§ Exercise details
All pictures are to be skipped; retype only the lines from the top of the entries through the line with "This screenshot has width=953, height=1232.", both included.
━━━━━━━━━━━━━━━━
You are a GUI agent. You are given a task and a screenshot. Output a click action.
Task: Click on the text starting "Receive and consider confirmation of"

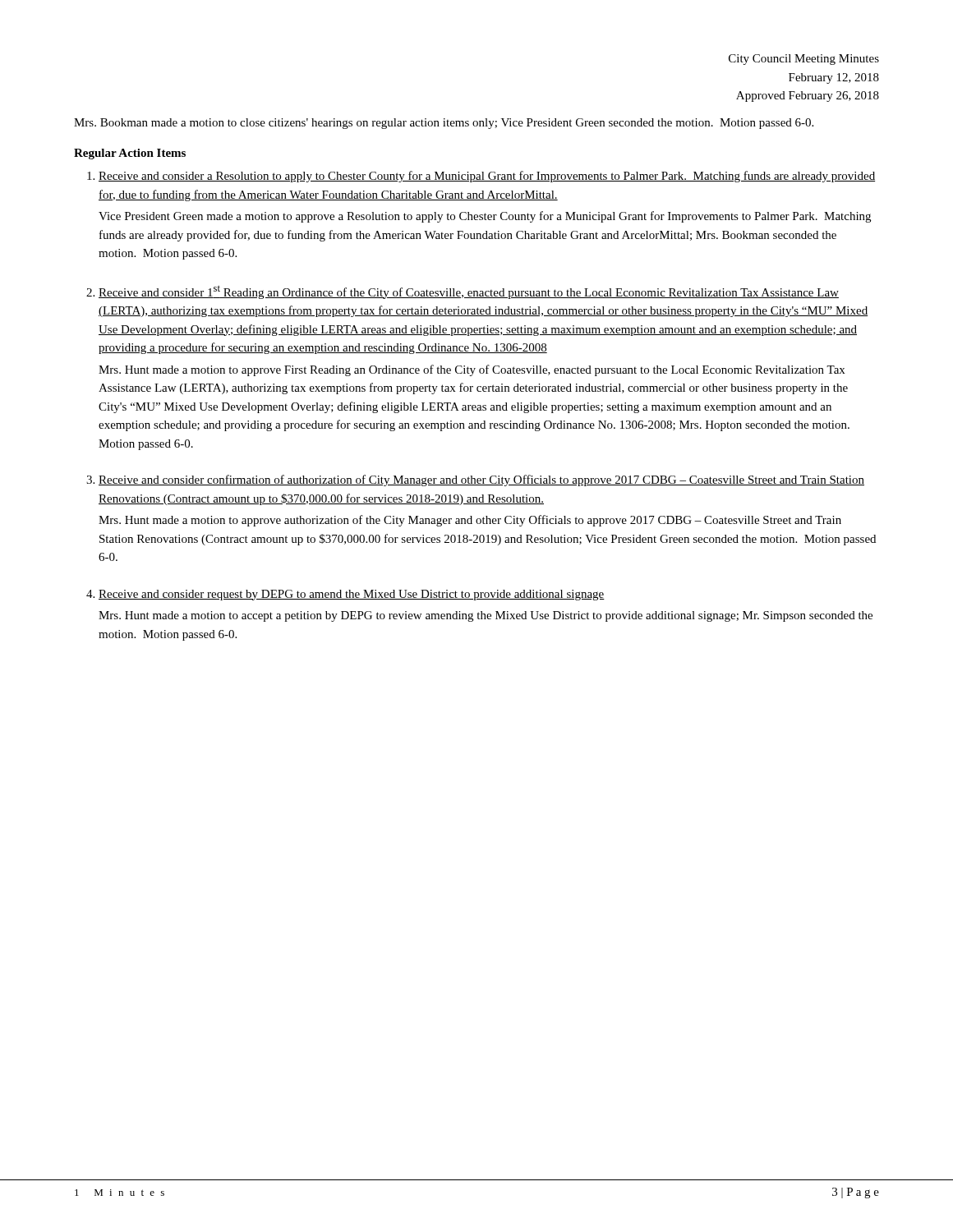point(489,520)
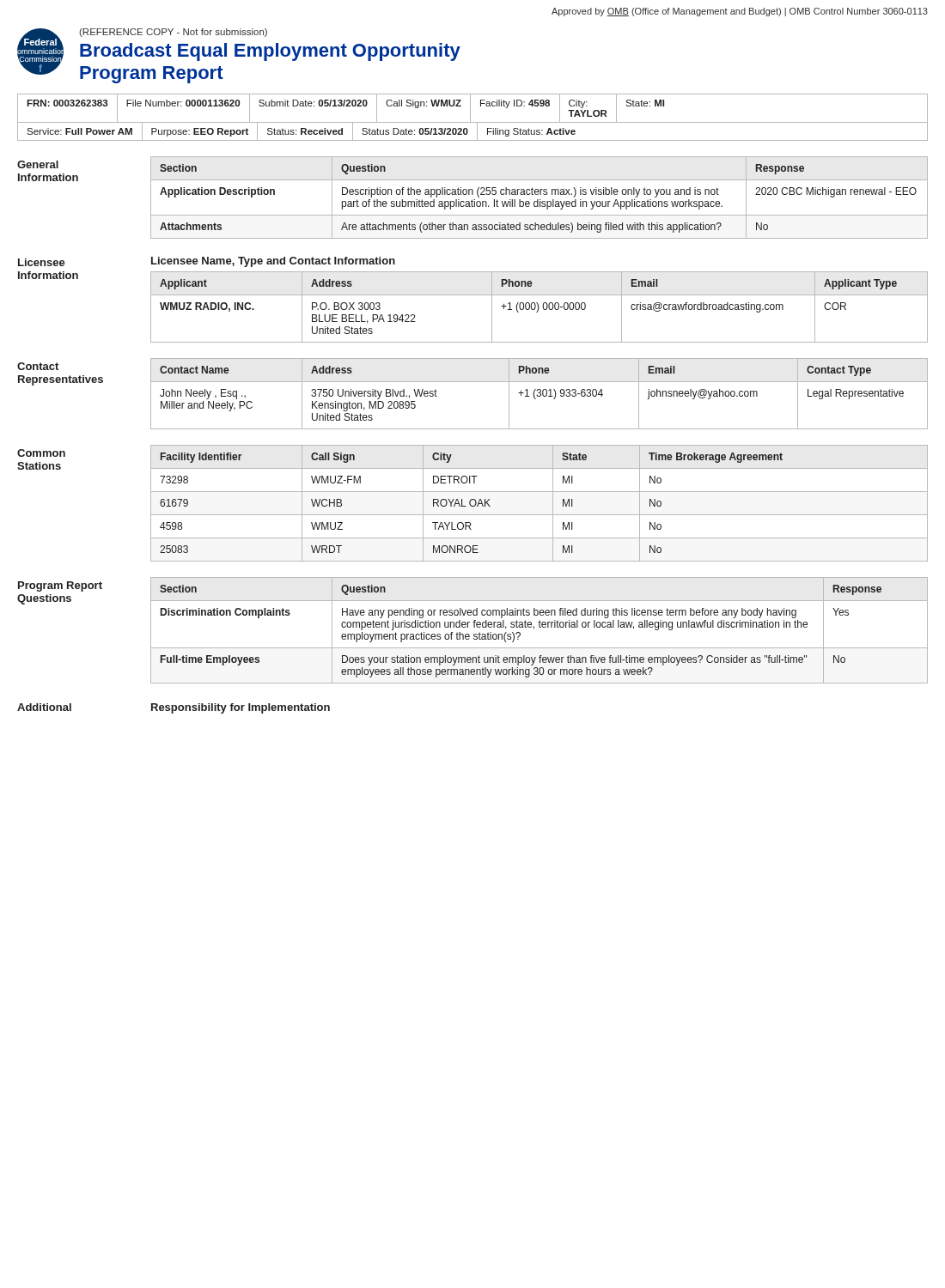This screenshot has width=945, height=1288.
Task: Find the table that mentions "+1 (000) 000-0000"
Action: pyautogui.click(x=539, y=307)
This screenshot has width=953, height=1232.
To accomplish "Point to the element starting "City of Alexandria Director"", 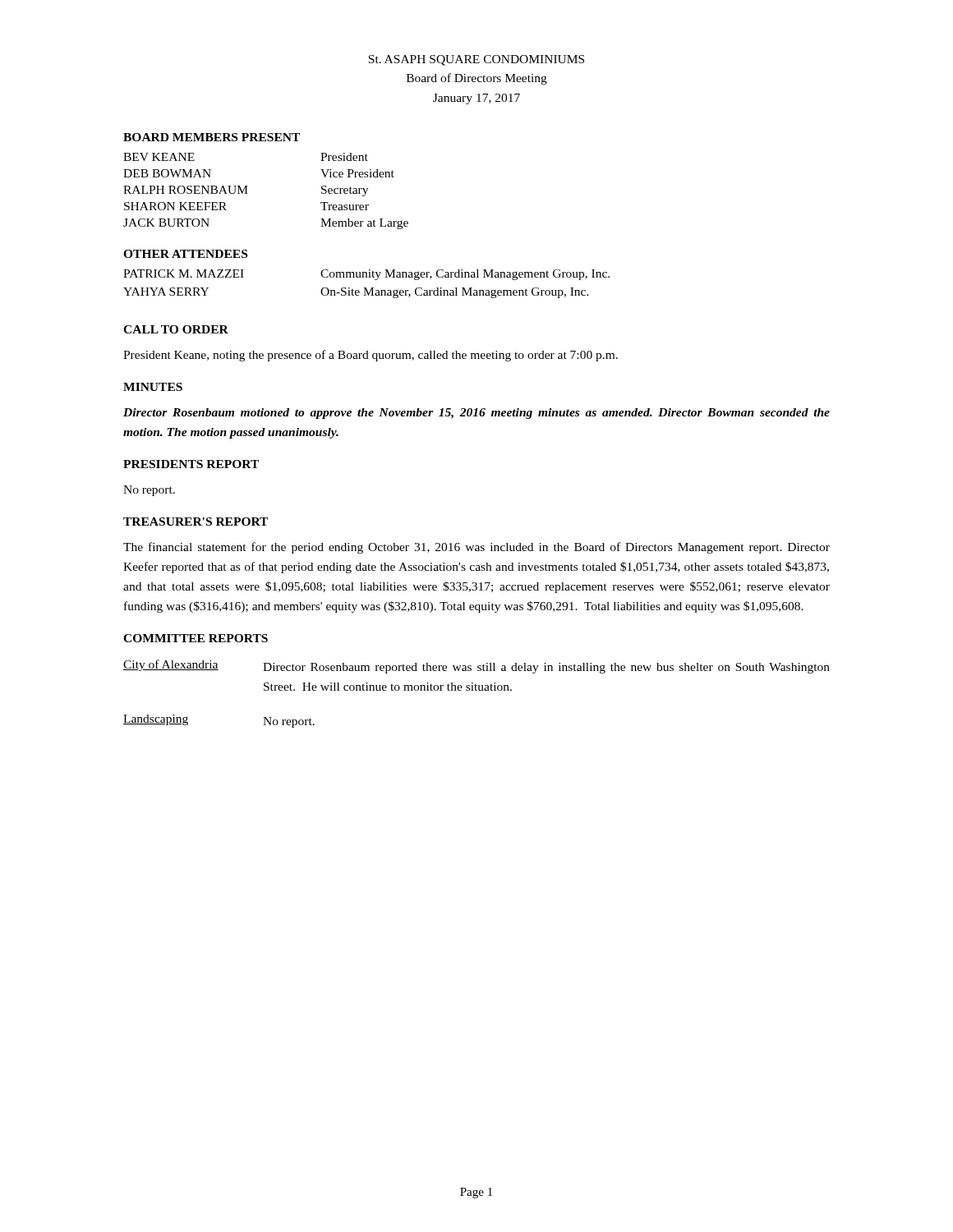I will [x=476, y=677].
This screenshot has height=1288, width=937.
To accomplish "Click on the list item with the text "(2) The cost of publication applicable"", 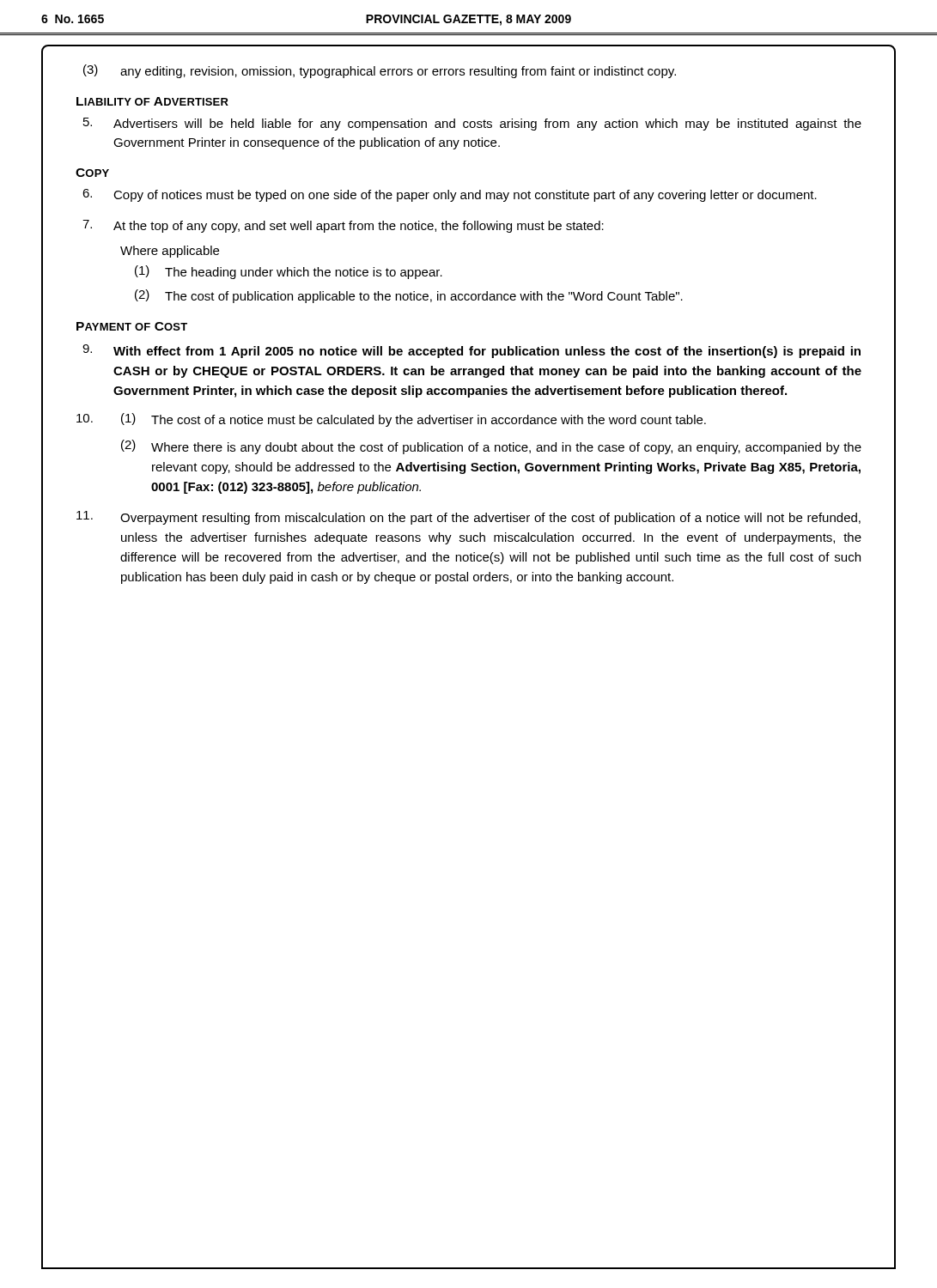I will coord(498,296).
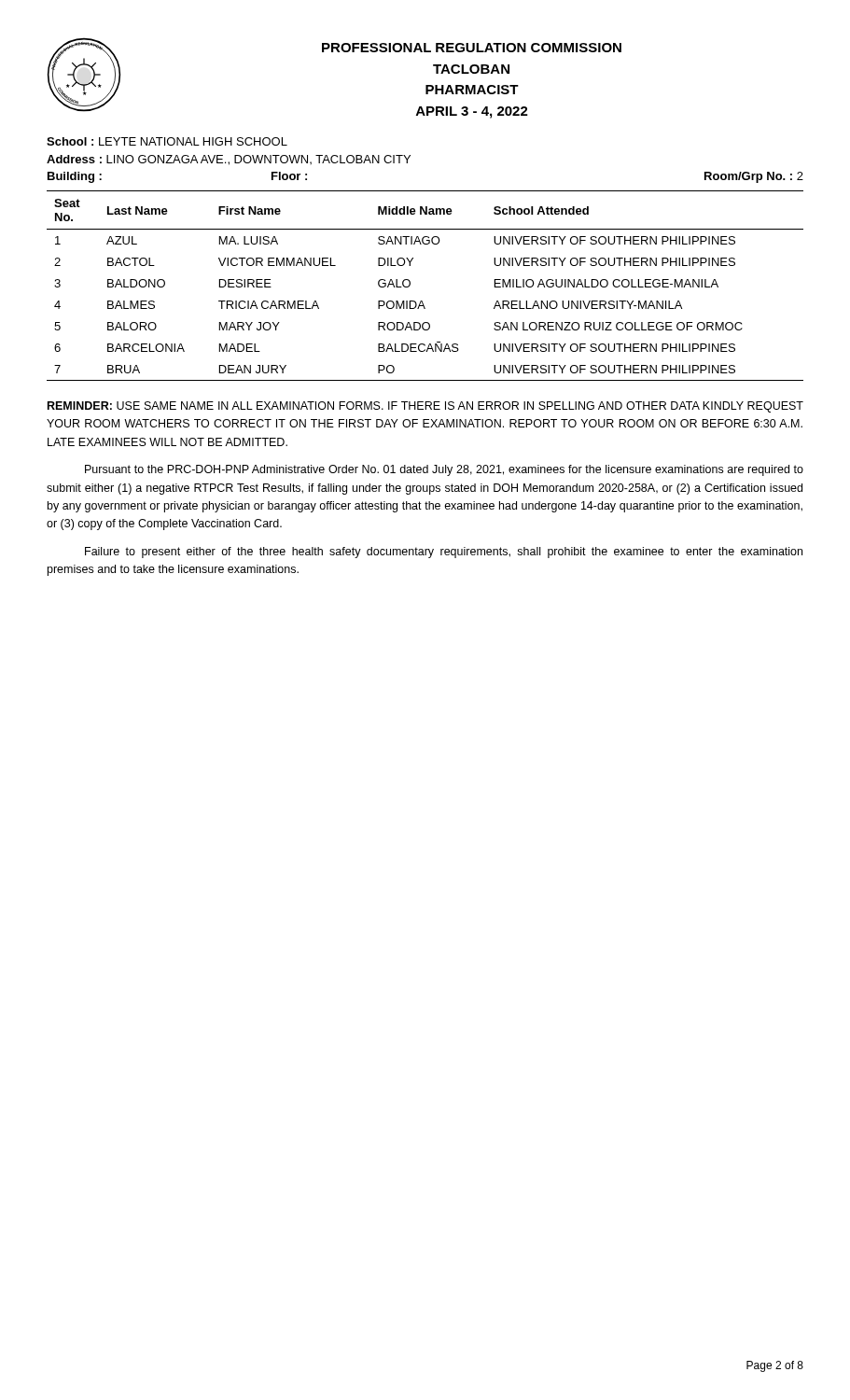Find the block on this page that starts "School : LEYTE NATIONAL"
Screen dimensions: 1400x850
point(167,141)
━━━━━━━━━━━━━━━━
§ Answer box
You are a GUI agent. You are given a task and a screenshot. Output a click action.
Task: Click on the text starting "Receive and consider confirmation of"

point(489,520)
This screenshot has width=945, height=1288.
Task: Find the table that mentions "+1 (000) 000-0000"
Action: pyautogui.click(x=539, y=307)
This screenshot has width=953, height=1232.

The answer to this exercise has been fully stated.